3. Knead briefly on a floured surface, then wrap in clingfilm and chill while filling is prepared.

Salmon en croute
Adapted from Good Food online

Serves 4

150g smooth cottage cheese
3/4 cup watercress
1/2 cup mixed greens (rocket and spinach)
salt & pepper to taste
500g shortcrust pastry (see recipe above, or use store bought)
500g salmon fillet (skinless), cut into 4 pieces
1 egg

1.Heat the oven to 200°C. Puree cottage cheese, watercress, rocket and spinach in a food processor to form a smooth sauce. Season to taste with salt & pepper.
2. Using a 1/4 of the dough, roll the pastry out  approx 2 - 3 mm thick and large enough to cover one salmon fillet in it. Transfer pastry to a greased baking tray, put one piece of salmon in the middle, spoon some watercress puree onto the salmon, then fold the pastry over to form a neat parcel. Repeat with the rest of the dough and salmon. There will be some watercress puree left over - reserve that for serving.
3. Make 3 neat cuts in each salmon parcel to allow steam to escape and make some decorations with the off-cuts to disguise the join if you like. Brush with the egg glaze.
4. Bake for 20 - 30 minutes or until the pastry is crisp and browned. Serve with the reserved watercress puree as a sauce.

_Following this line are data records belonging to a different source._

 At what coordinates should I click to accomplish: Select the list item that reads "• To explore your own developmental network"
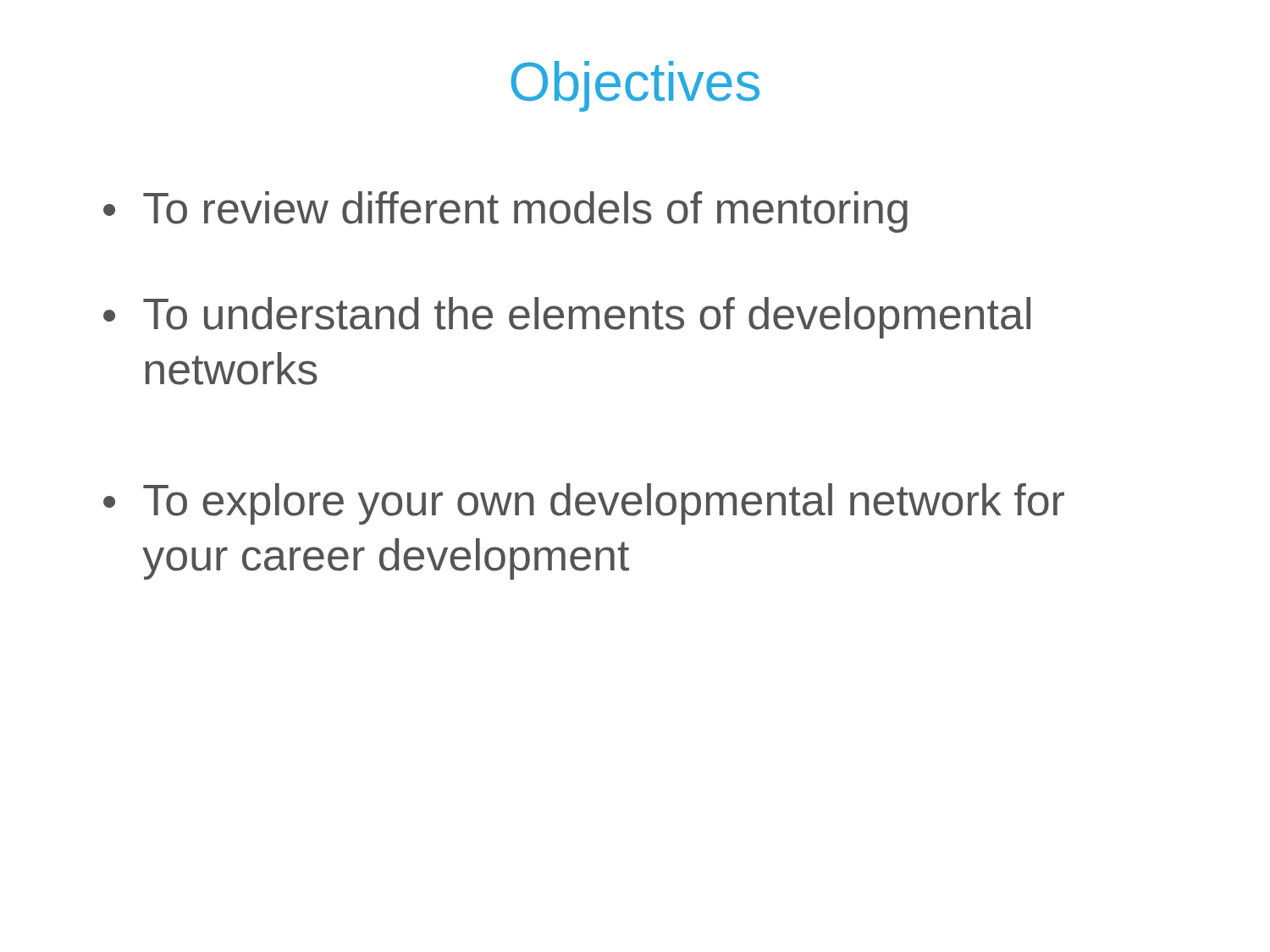click(583, 528)

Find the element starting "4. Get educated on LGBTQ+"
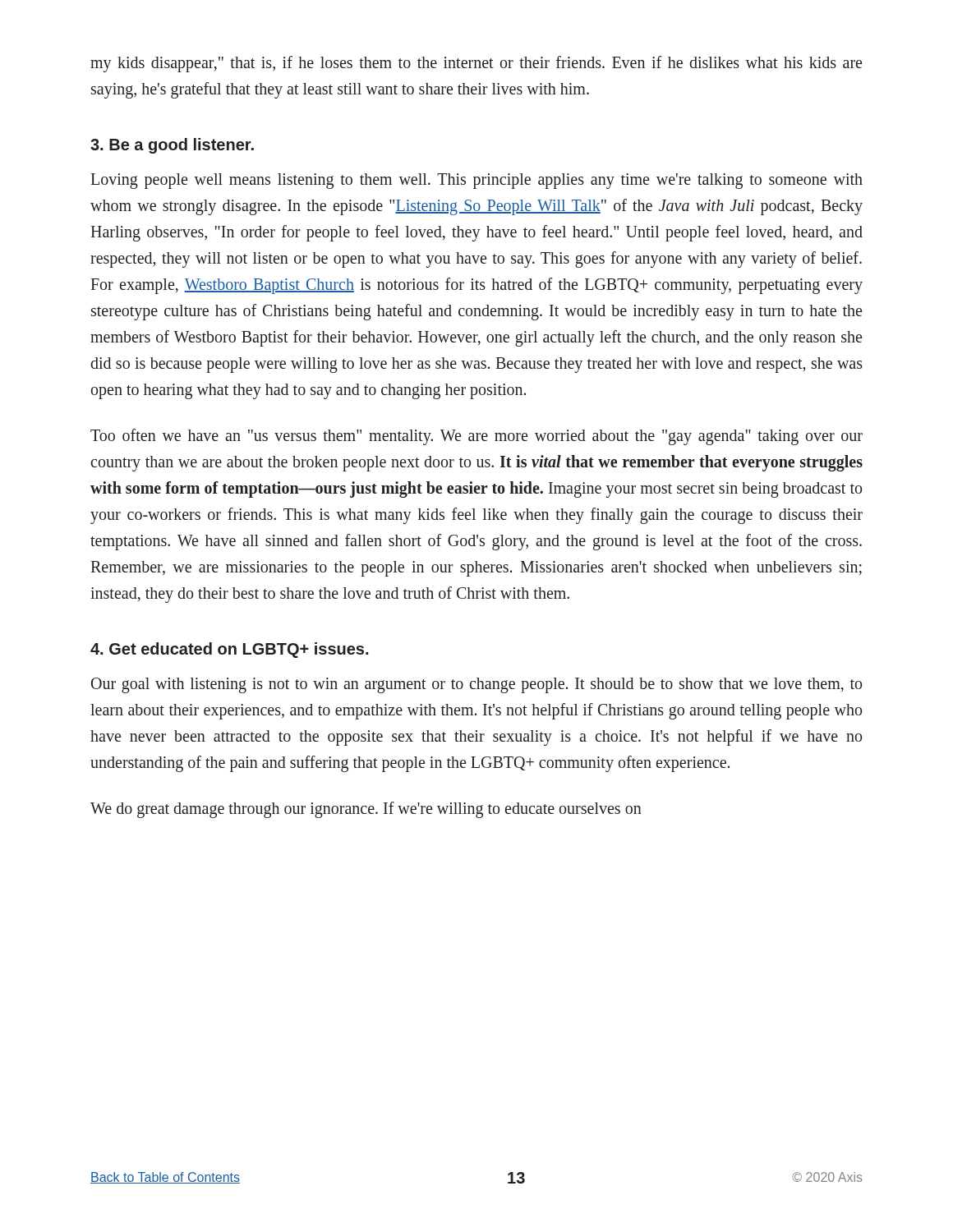230,649
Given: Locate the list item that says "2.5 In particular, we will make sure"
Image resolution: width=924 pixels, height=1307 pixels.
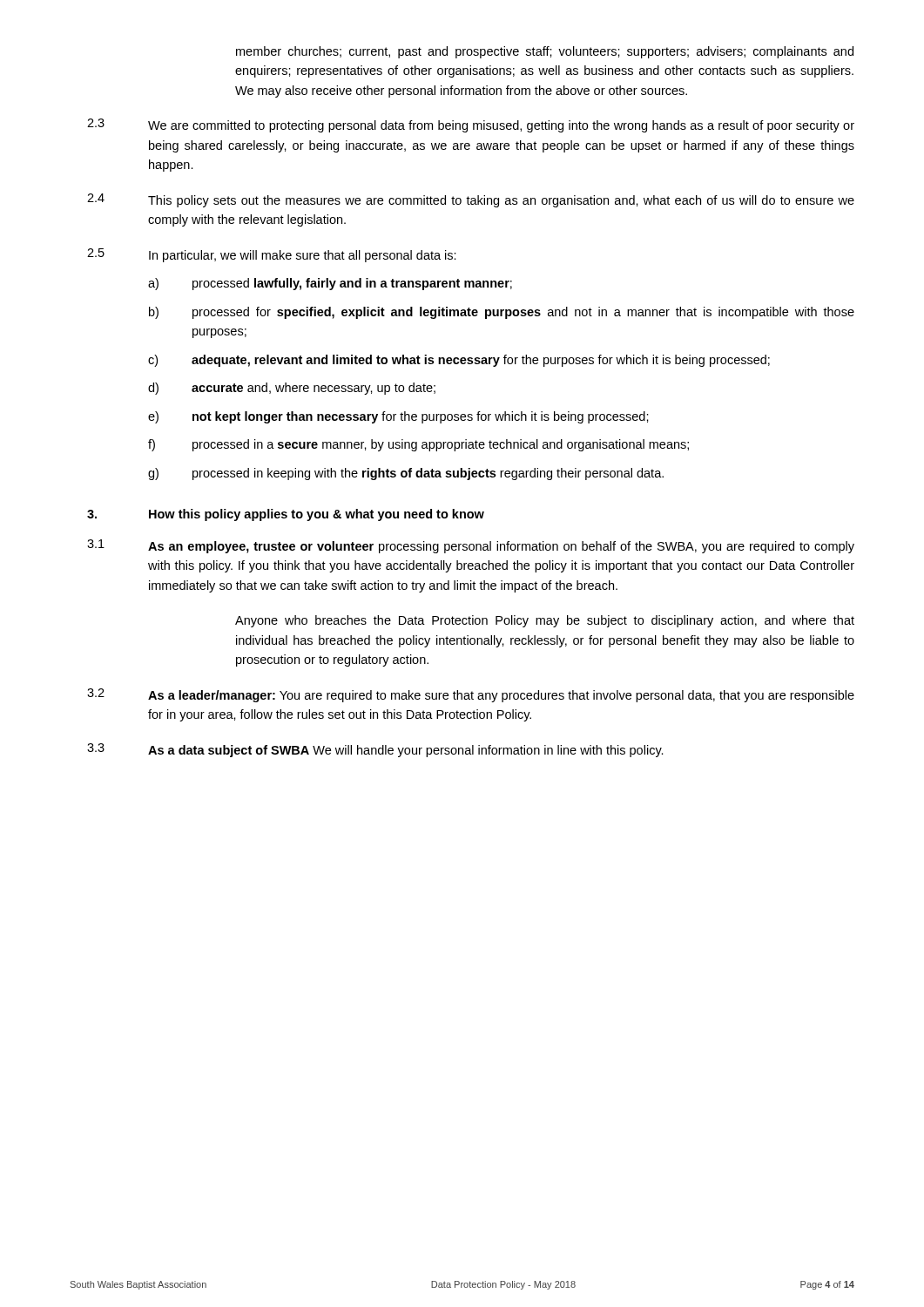Looking at the screenshot, I should [471, 368].
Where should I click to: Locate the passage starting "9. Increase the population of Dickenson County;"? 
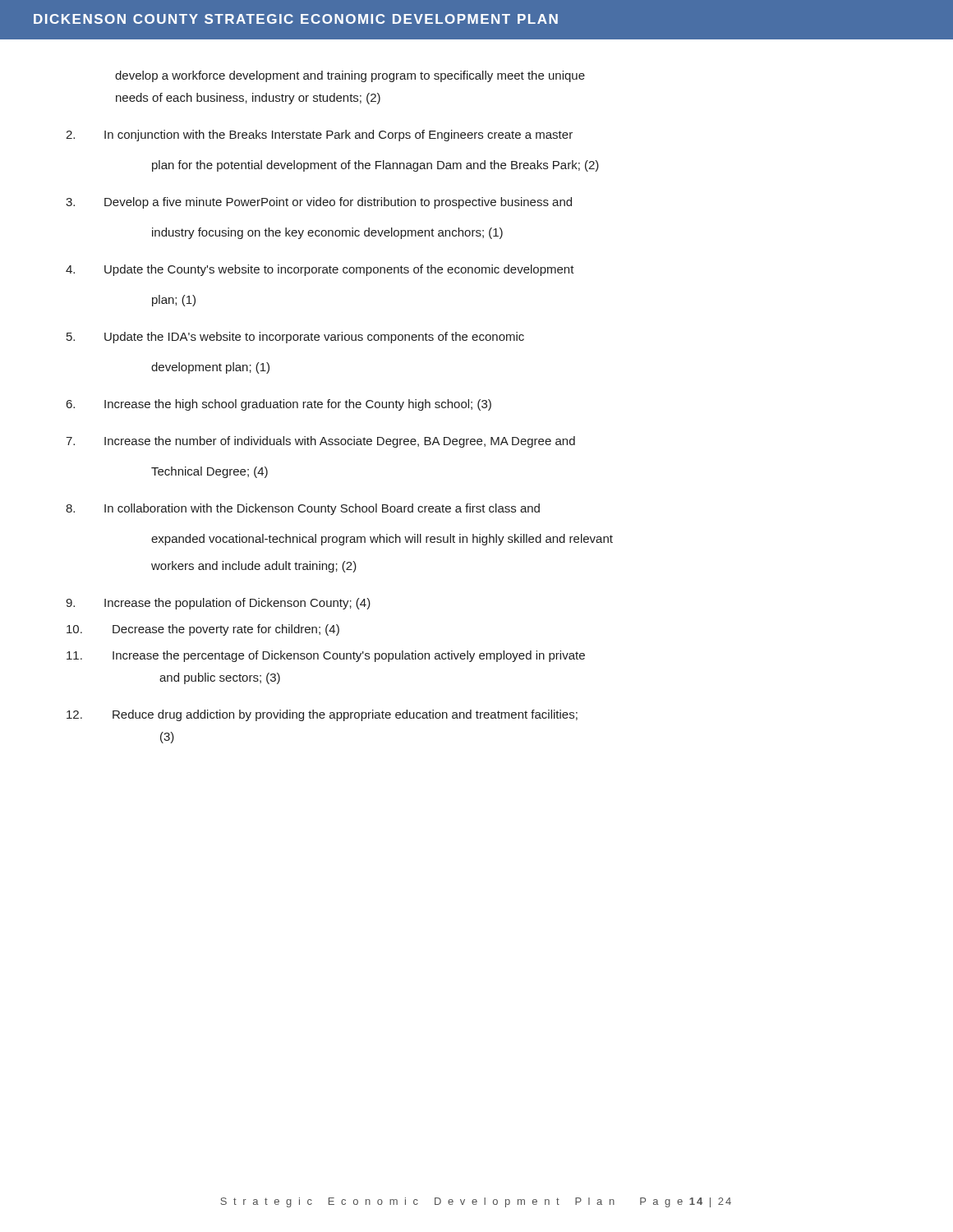[x=218, y=604]
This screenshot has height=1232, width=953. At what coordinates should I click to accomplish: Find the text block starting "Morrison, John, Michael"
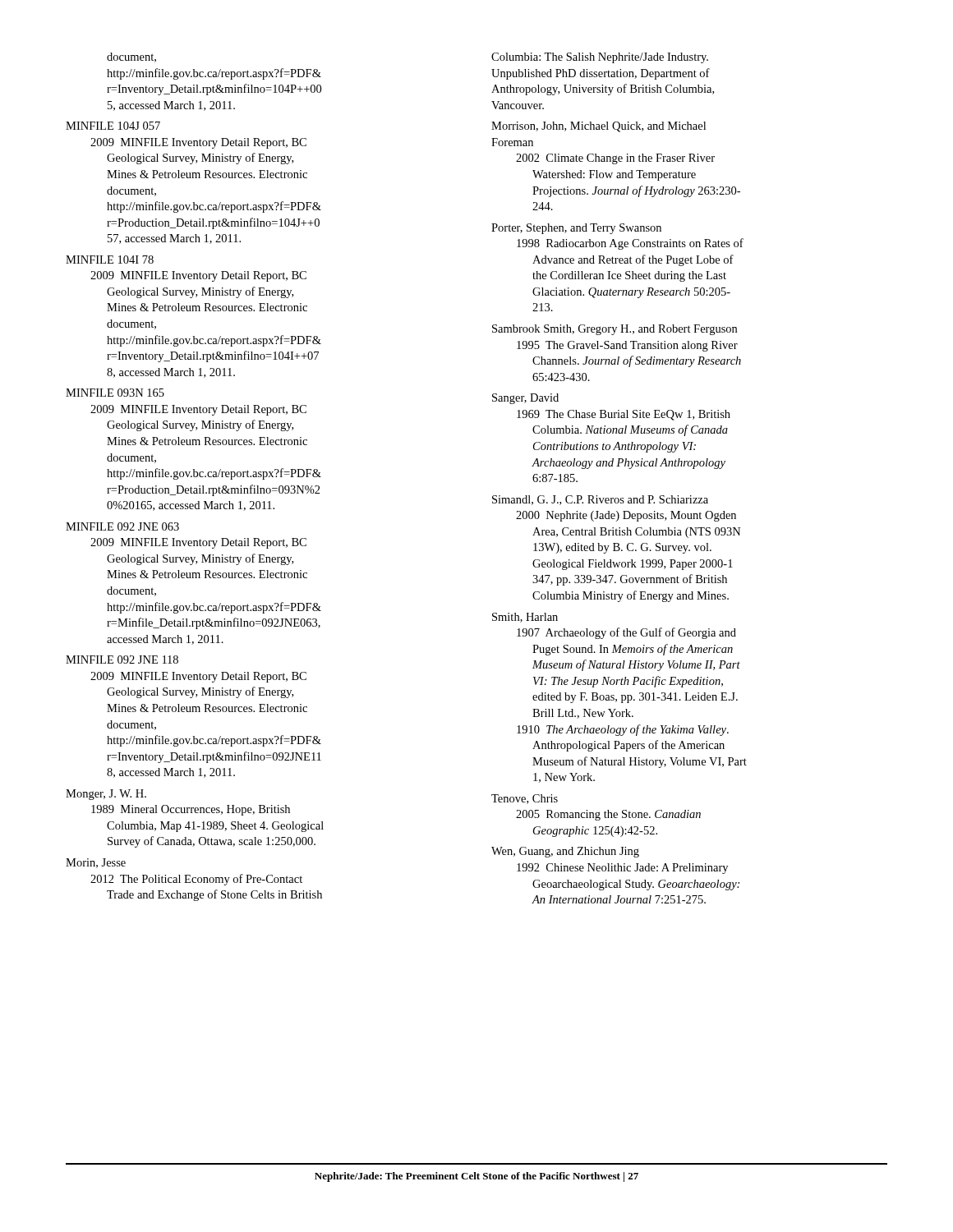click(689, 167)
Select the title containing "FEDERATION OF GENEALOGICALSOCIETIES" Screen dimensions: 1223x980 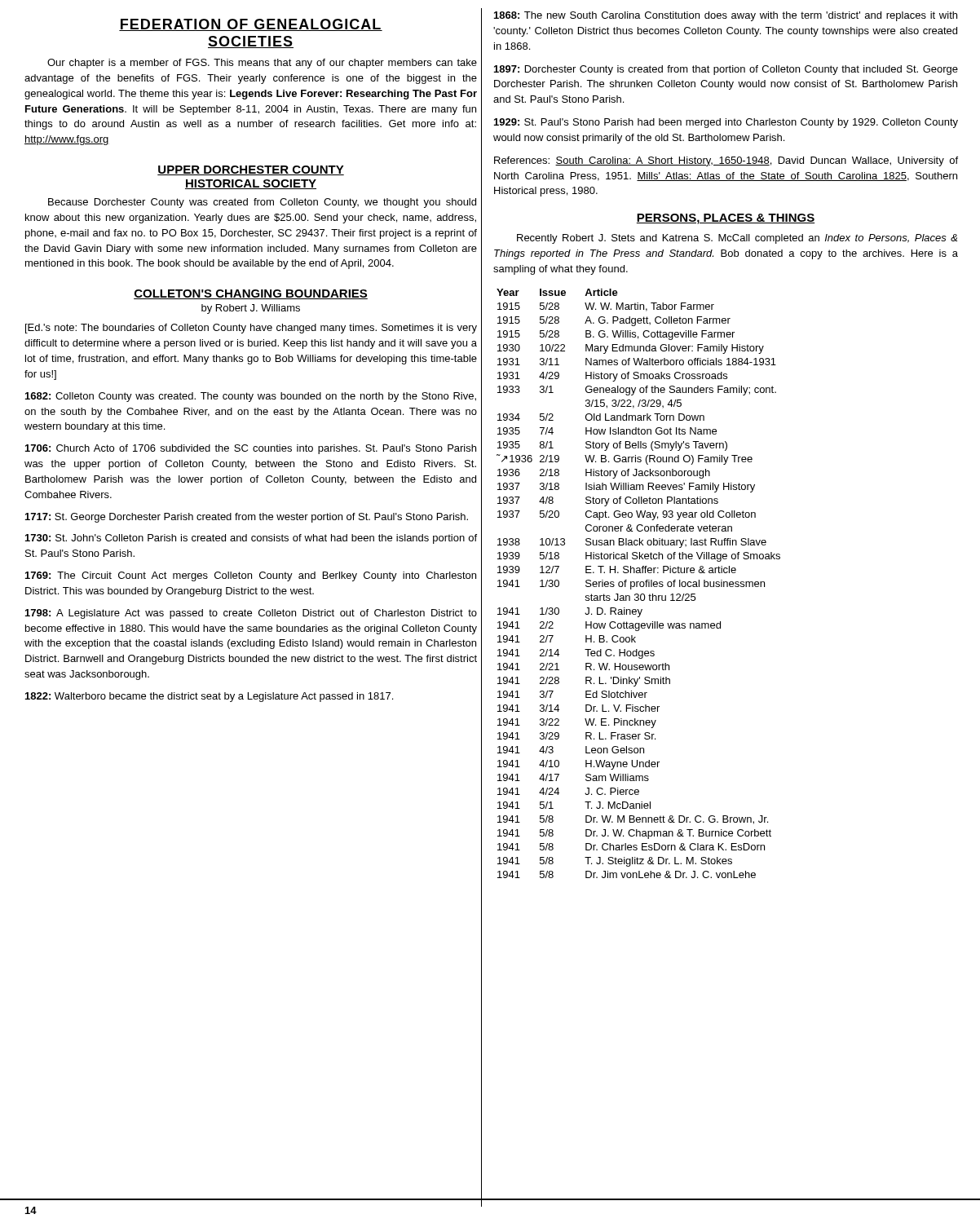pyautogui.click(x=251, y=33)

Yum Yucky on December 16, 2009 5:48 pm said...

Beautiful! Bravo! I'd sink my hungry teef into it.

Jeanne on January 04, 2010 5:36 pm said...

Oooh - well done you! I've made salmon en croute a couple of times but never made my own pastry. Yours looks fabulous!

Marisa on January 05, 2010 8:32 am said...

Thanks Jeanne - that pastry made me quite nervous.